WORK TASK:
Return all entries precisely as they stand, without the images.

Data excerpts
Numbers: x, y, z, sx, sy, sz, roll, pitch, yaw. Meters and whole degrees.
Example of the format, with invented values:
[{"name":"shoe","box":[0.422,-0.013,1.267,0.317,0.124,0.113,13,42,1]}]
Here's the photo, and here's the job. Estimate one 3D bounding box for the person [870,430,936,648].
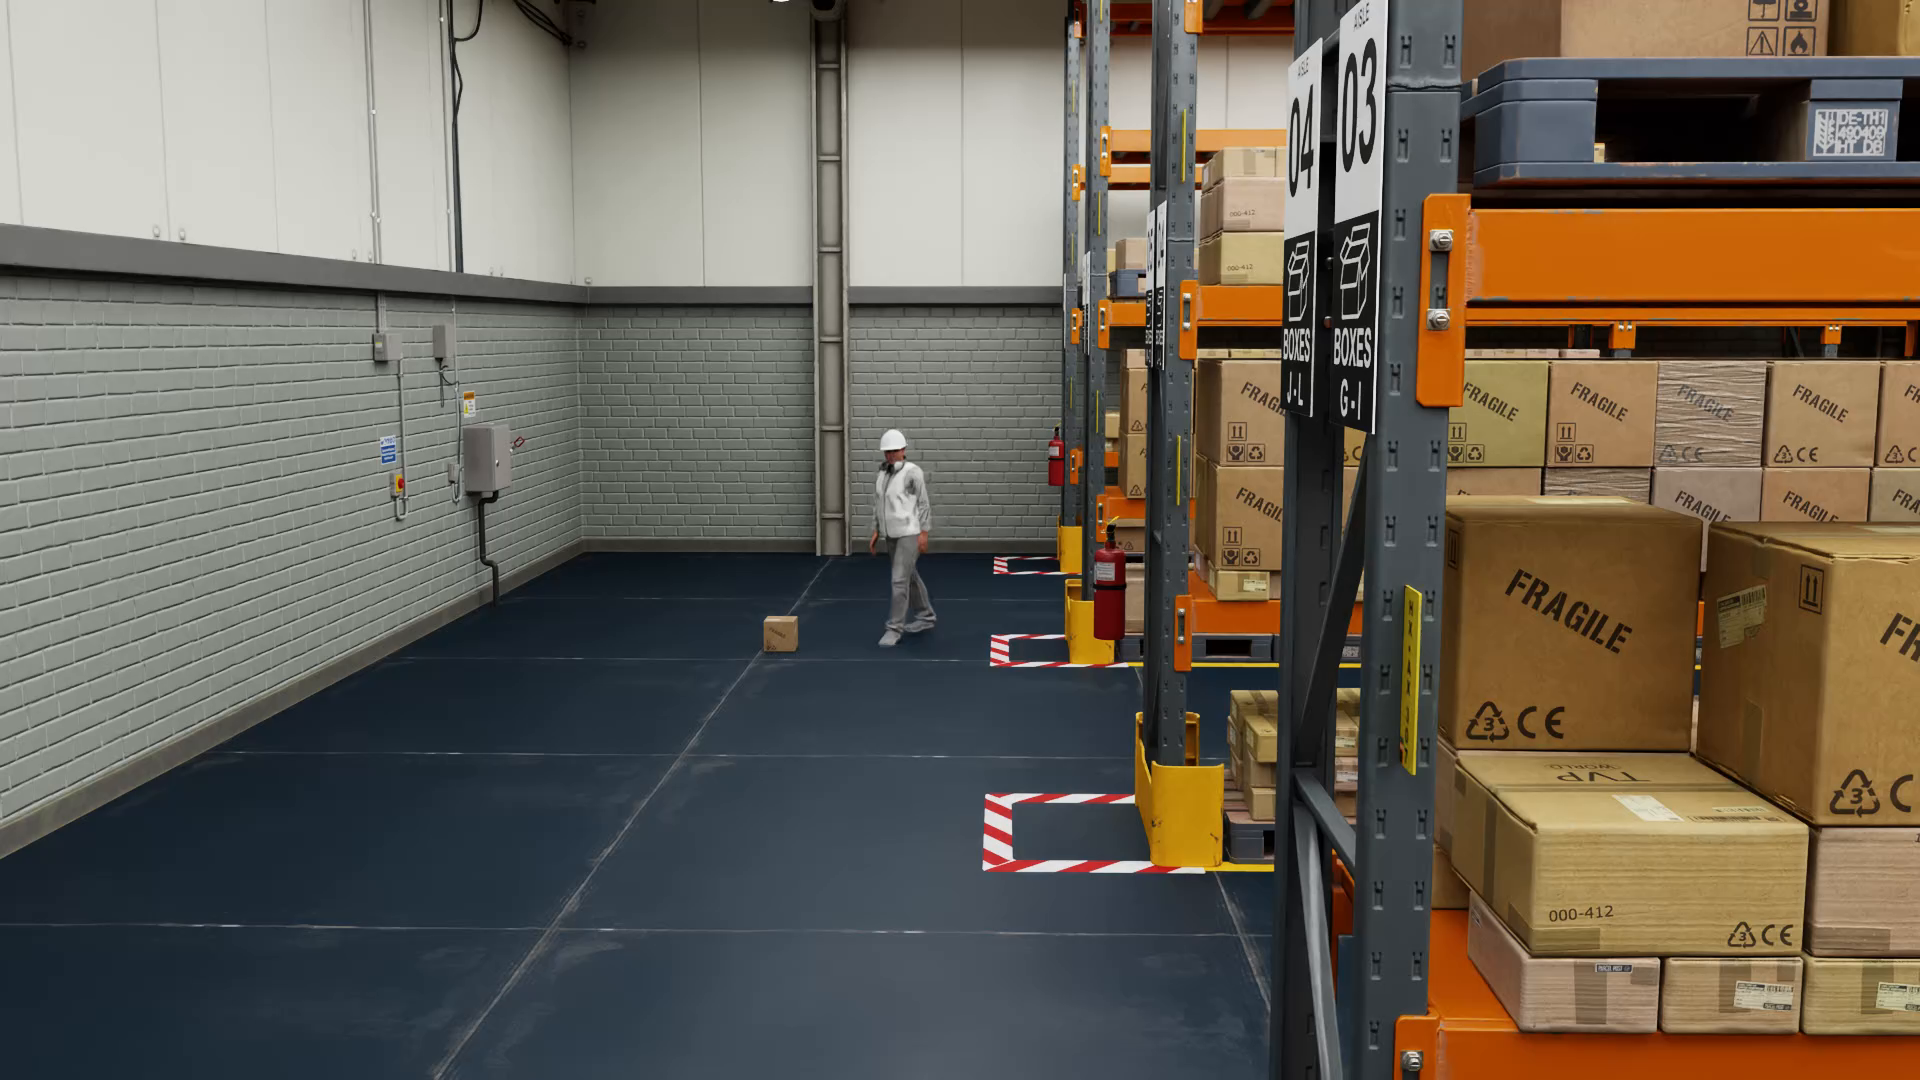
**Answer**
[{"name":"person","box":[-0.496,-0.039,13.986,0.741,1.781,0.551,-6,9,-38]}]

YOUR SOLUTION:
Numbers: x, y, z, sx, sy, sz, roll, pitch, yaw. Meters and whole degrees.
Example of the format, with invented values:
[{"name":"shoe","box":[0.422,-0.013,1.267,0.317,0.124,0.113,13,42,1]}]
Here's the photo, and here's the job. Estimate one 3D bounding box for the person [870,430,936,648].
**Answer**
[{"name":"person","box":[-0.496,-0.039,13.986,0.741,1.781,0.551,-6,9,-38]}]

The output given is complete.